• [INSTRUCTIONS FOR THE TASK]
Check each line of the listing for the word "JSON" and report the ones that have it.

• [EXERCISE DATA]
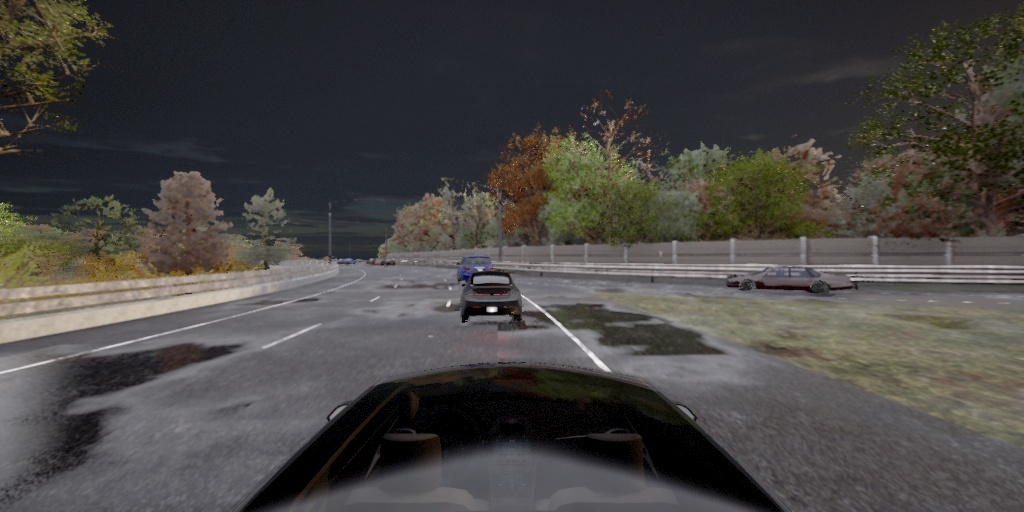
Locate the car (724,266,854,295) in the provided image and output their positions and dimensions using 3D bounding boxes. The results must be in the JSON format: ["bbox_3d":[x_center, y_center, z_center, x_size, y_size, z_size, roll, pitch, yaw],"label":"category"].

==

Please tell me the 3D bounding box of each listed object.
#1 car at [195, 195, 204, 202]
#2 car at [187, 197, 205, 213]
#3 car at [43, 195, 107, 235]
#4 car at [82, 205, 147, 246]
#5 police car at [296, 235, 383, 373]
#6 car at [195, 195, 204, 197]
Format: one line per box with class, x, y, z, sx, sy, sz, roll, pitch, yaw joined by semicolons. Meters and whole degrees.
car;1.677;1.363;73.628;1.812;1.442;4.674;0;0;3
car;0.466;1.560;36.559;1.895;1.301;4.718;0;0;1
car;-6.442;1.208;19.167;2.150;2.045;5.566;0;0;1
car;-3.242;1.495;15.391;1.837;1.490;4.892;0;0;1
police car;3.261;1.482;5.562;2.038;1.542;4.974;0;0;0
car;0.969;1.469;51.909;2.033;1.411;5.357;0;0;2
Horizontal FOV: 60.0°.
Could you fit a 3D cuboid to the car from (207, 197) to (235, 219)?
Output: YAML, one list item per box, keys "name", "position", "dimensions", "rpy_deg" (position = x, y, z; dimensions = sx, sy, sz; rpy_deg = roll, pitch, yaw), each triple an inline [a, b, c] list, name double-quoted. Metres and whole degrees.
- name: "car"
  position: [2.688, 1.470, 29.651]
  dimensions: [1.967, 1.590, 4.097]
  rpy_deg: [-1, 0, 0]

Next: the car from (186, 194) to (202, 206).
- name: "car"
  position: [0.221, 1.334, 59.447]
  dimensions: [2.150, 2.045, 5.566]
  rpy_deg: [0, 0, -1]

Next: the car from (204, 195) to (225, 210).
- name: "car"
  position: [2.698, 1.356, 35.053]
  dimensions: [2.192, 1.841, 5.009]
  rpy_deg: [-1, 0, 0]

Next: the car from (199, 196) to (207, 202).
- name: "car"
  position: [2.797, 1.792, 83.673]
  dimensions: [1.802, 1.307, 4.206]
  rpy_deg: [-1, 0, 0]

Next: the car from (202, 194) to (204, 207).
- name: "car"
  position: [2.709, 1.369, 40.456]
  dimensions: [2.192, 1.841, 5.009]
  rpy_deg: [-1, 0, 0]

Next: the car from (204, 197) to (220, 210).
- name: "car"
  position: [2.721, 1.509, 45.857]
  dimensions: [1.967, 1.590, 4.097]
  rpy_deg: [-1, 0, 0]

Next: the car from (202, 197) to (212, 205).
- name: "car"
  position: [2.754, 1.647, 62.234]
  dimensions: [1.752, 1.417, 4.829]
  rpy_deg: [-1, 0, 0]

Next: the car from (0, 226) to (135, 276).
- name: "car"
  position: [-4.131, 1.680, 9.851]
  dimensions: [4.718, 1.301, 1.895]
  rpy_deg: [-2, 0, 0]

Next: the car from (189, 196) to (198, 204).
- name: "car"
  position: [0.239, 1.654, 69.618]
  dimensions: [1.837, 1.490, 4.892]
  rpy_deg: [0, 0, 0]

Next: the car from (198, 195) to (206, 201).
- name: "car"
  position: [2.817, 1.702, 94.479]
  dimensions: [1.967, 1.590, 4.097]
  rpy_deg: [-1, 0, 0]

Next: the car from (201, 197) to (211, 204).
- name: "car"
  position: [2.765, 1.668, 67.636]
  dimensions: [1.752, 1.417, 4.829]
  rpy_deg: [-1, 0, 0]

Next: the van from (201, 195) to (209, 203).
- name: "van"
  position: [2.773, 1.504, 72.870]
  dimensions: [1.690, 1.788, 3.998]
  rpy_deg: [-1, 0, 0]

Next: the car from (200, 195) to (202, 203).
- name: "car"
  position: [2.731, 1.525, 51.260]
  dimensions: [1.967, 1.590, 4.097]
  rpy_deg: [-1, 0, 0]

==

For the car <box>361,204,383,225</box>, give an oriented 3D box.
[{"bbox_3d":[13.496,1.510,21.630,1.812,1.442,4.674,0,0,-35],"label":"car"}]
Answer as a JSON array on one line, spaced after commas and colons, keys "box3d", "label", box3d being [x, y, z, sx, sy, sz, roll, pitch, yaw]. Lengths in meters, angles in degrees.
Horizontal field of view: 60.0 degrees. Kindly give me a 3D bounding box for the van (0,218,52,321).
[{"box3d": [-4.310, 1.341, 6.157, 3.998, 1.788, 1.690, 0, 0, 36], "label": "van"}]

• [RESULT]
Locate the car (724,266,854,295) in the provided image and output their positions and dimensions using 3D bounding boxes. The results must be in the JSON format: ["bbox_3d":[x_center, y_center, z_center, x_size, y_size, z_size, roll, pitch, yaw],"label":"category"].
Answer as a JSON array on one line, spaced after commas and colons, keys "box3d", "label", box3d being [x, y, z, sx, sy, sz, roll, pitch, yaw]. Lengths in meters, angles in degrees.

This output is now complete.